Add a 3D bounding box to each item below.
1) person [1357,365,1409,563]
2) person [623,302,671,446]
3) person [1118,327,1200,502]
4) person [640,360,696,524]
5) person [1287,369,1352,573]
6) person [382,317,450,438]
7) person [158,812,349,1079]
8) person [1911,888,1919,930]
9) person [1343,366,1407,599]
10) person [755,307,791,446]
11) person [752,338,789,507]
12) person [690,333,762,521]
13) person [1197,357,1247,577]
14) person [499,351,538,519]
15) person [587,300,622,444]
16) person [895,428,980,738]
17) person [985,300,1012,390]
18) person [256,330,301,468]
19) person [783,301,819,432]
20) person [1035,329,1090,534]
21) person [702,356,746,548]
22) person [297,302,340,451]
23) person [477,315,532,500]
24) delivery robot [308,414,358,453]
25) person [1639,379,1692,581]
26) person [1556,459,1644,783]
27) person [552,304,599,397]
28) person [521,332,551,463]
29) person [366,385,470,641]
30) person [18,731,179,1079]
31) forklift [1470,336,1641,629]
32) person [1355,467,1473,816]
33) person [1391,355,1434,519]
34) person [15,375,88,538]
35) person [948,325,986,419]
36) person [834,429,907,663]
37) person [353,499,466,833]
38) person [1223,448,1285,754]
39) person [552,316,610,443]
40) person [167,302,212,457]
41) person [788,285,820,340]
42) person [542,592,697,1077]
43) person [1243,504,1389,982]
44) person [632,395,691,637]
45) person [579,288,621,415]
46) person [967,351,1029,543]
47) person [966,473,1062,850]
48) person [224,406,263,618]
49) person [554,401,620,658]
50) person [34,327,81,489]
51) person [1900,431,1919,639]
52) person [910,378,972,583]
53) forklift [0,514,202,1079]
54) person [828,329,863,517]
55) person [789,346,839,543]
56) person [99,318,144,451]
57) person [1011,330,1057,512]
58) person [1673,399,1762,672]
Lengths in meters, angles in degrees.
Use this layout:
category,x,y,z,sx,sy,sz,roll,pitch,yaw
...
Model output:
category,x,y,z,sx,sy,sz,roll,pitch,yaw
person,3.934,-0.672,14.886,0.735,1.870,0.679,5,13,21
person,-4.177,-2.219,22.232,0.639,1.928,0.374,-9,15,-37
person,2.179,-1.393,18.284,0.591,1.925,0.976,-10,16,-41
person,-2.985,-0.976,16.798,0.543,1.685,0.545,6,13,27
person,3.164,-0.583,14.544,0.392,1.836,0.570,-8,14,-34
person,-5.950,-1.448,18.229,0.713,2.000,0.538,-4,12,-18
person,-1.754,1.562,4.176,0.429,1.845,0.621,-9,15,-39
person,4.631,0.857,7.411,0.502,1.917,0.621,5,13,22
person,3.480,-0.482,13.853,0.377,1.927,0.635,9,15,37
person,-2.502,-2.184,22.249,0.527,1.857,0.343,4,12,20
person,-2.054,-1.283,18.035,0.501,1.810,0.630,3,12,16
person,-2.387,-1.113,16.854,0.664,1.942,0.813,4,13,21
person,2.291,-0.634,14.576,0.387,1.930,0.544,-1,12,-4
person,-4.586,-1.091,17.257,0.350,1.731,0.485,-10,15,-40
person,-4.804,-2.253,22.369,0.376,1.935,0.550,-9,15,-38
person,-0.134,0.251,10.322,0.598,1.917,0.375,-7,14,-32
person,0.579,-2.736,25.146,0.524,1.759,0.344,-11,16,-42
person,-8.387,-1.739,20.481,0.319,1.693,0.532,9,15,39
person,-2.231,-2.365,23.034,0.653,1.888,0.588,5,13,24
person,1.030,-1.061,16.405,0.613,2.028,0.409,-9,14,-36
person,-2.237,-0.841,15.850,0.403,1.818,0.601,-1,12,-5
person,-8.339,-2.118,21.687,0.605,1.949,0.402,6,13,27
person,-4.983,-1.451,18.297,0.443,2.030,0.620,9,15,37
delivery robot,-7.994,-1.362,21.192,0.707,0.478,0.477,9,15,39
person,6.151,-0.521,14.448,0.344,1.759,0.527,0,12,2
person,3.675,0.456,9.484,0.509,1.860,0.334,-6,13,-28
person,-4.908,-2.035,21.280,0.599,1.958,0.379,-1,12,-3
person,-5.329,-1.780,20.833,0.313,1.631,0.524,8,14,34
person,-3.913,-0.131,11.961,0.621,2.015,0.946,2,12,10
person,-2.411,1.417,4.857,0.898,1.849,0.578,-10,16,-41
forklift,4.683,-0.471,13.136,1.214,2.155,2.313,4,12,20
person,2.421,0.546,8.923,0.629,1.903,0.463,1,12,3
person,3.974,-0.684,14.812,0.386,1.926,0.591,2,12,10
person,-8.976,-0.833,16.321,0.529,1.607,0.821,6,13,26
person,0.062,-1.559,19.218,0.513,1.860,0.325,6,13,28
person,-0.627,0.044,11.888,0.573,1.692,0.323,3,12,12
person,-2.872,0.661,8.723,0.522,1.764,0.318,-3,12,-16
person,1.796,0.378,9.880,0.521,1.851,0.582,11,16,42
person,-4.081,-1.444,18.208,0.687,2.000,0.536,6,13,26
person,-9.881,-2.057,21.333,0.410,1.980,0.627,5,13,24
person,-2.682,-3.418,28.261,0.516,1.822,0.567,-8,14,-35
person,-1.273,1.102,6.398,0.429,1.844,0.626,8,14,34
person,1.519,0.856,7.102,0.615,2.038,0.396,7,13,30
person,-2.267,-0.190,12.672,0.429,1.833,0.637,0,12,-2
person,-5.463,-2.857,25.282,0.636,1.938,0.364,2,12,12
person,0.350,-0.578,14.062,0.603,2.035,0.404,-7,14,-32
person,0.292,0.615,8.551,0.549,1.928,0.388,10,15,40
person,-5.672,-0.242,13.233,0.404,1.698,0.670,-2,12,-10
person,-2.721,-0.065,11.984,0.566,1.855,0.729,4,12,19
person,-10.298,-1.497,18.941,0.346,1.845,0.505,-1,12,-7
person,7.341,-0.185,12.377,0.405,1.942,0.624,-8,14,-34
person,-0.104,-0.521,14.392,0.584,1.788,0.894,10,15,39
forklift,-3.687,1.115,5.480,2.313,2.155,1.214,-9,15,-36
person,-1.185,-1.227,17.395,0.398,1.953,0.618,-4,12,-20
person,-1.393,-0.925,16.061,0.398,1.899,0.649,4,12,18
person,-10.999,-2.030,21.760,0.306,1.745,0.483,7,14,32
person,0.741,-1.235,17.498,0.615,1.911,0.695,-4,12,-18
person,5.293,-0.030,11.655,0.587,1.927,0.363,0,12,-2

-=-=-=-=-

▶ [What you should do]
What you should produce is an exact retyping of every line above.

▶ [Exercise answer]
Add a 3D bounding box to each item below.
1) person [1357,365,1409,563]
2) person [623,302,671,446]
3) person [1118,327,1200,502]
4) person [640,360,696,524]
5) person [1287,369,1352,573]
6) person [382,317,450,438]
7) person [158,812,349,1079]
8) person [1911,888,1919,930]
9) person [1343,366,1407,599]
10) person [755,307,791,446]
11) person [752,338,789,507]
12) person [690,333,762,521]
13) person [1197,357,1247,577]
14) person [499,351,538,519]
15) person [587,300,622,444]
16) person [895,428,980,738]
17) person [985,300,1012,390]
18) person [256,330,301,468]
19) person [783,301,819,432]
20) person [1035,329,1090,534]
21) person [702,356,746,548]
22) person [297,302,340,451]
23) person [477,315,532,500]
24) delivery robot [308,414,358,453]
25) person [1639,379,1692,581]
26) person [1556,459,1644,783]
27) person [552,304,599,397]
28) person [521,332,551,463]
29) person [366,385,470,641]
30) person [18,731,179,1079]
31) forklift [1470,336,1641,629]
32) person [1355,467,1473,816]
33) person [1391,355,1434,519]
34) person [15,375,88,538]
35) person [948,325,986,419]
36) person [834,429,907,663]
37) person [353,499,466,833]
38) person [1223,448,1285,754]
39) person [552,316,610,443]
40) person [167,302,212,457]
41) person [788,285,820,340]
42) person [542,592,697,1077]
43) person [1243,504,1389,982]
44) person [632,395,691,637]
45) person [579,288,621,415]
46) person [967,351,1029,543]
47) person [966,473,1062,850]
48) person [224,406,263,618]
49) person [554,401,620,658]
50) person [34,327,81,489]
51) person [1900,431,1919,639]
52) person [910,378,972,583]
53) forklift [0,514,202,1079]
54) person [828,329,863,517]
55) person [789,346,839,543]
56) person [99,318,144,451]
57) person [1011,330,1057,512]
58) person [1673,399,1762,672]
Lengths in meters, angles in degrees.
Use this layout:
category,x,y,z,sx,sy,sz,roll,pitch,yaw
...
Model output:
category,x,y,z,sx,sy,sz,roll,pitch,yaw
person,3.934,-0.672,14.886,0.735,1.870,0.679,5,13,21
person,-4.177,-2.219,22.232,0.639,1.928,0.374,-9,15,-37
person,2.179,-1.393,18.284,0.591,1.925,0.976,-10,16,-41
person,-2.985,-0.976,16.798,0.543,1.685,0.545,6,13,27
person,3.164,-0.583,14.544,0.392,1.836,0.570,-8,14,-34
person,-5.950,-1.448,18.229,0.713,2.000,0.538,-4,12,-18
person,-1.754,1.562,4.176,0.429,1.845,0.621,-9,15,-39
person,4.631,0.857,7.411,0.502,1.917,0.621,5,13,22
person,3.480,-0.482,13.853,0.377,1.927,0.635,9,15,37
person,-2.502,-2.184,22.249,0.527,1.857,0.343,4,12,20
person,-2.054,-1.283,18.035,0.501,1.810,0.630,3,12,16
person,-2.387,-1.113,16.854,0.664,1.942,0.813,4,13,21
person,2.291,-0.634,14.576,0.387,1.930,0.544,-1,12,-4
person,-4.586,-1.091,17.257,0.350,1.731,0.485,-10,15,-40
person,-4.804,-2.253,22.369,0.376,1.935,0.550,-9,15,-38
person,-0.134,0.251,10.322,0.598,1.917,0.375,-7,14,-32
person,0.579,-2.736,25.146,0.524,1.759,0.344,-11,16,-42
person,-8.387,-1.739,20.481,0.319,1.693,0.532,9,15,39
person,-2.231,-2.365,23.034,0.653,1.888,0.588,5,13,24
person,1.030,-1.061,16.405,0.613,2.028,0.409,-9,14,-36
person,-2.237,-0.841,15.850,0.403,1.818,0.601,-1,12,-5
person,-8.339,-2.118,21.687,0.605,1.949,0.402,6,13,27
person,-4.983,-1.451,18.297,0.443,2.030,0.620,9,15,37
delivery robot,-7.994,-1.362,21.192,0.707,0.478,0.477,9,15,39
person,6.151,-0.521,14.448,0.344,1.759,0.527,0,12,2
person,3.675,0.456,9.484,0.509,1.860,0.334,-6,13,-28
person,-4.908,-2.035,21.280,0.599,1.958,0.379,-1,12,-3
person,-5.329,-1.780,20.833,0.313,1.631,0.524,8,14,34
person,-3.913,-0.131,11.961,0.621,2.015,0.946,2,12,10
person,-2.411,1.417,4.857,0.898,1.849,0.578,-10,16,-41
forklift,4.683,-0.471,13.136,1.214,2.155,2.313,4,12,20
person,2.421,0.546,8.923,0.629,1.903,0.463,1,12,3
person,3.974,-0.684,14.812,0.386,1.926,0.591,2,12,10
person,-8.976,-0.833,16.321,0.529,1.607,0.821,6,13,26
person,0.062,-1.559,19.218,0.513,1.860,0.325,6,13,28
person,-0.627,0.044,11.888,0.573,1.692,0.323,3,12,12
person,-2.872,0.661,8.723,0.522,1.764,0.318,-3,12,-16
person,1.796,0.378,9.880,0.521,1.851,0.582,11,16,42
person,-4.081,-1.444,18.208,0.687,2.000,0.536,6,13,26
person,-9.881,-2.057,21.333,0.410,1.980,0.627,5,13,24
person,-2.682,-3.418,28.261,0.516,1.822,0.567,-8,14,-35
person,-1.273,1.102,6.398,0.429,1.844,0.626,8,14,34
person,1.519,0.856,7.102,0.615,2.038,0.396,7,13,30
person,-2.267,-0.190,12.672,0.429,1.833,0.637,0,12,-2
person,-5.463,-2.857,25.282,0.636,1.938,0.364,2,12,12
person,0.350,-0.578,14.062,0.603,2.035,0.404,-7,14,-32
person,0.292,0.615,8.551,0.549,1.928,0.388,10,15,40
person,-5.672,-0.242,13.233,0.404,1.698,0.670,-2,12,-10
person,-2.721,-0.065,11.984,0.566,1.855,0.729,4,12,19
person,-10.298,-1.497,18.941,0.346,1.845,0.505,-1,12,-7
person,7.341,-0.185,12.377,0.405,1.942,0.624,-8,14,-34
person,-0.104,-0.521,14.392,0.584,1.788,0.894,10,15,39
forklift,-3.687,1.115,5.480,2.313,2.155,1.214,-9,15,-36
person,-1.185,-1.227,17.395,0.398,1.953,0.618,-4,12,-20
person,-1.393,-0.925,16.061,0.398,1.899,0.649,4,12,18
person,-10.999,-2.030,21.760,0.306,1.745,0.483,7,14,32
person,0.741,-1.235,17.498,0.615,1.911,0.695,-4,12,-18
person,5.293,-0.030,11.655,0.587,1.927,0.363,0,12,-2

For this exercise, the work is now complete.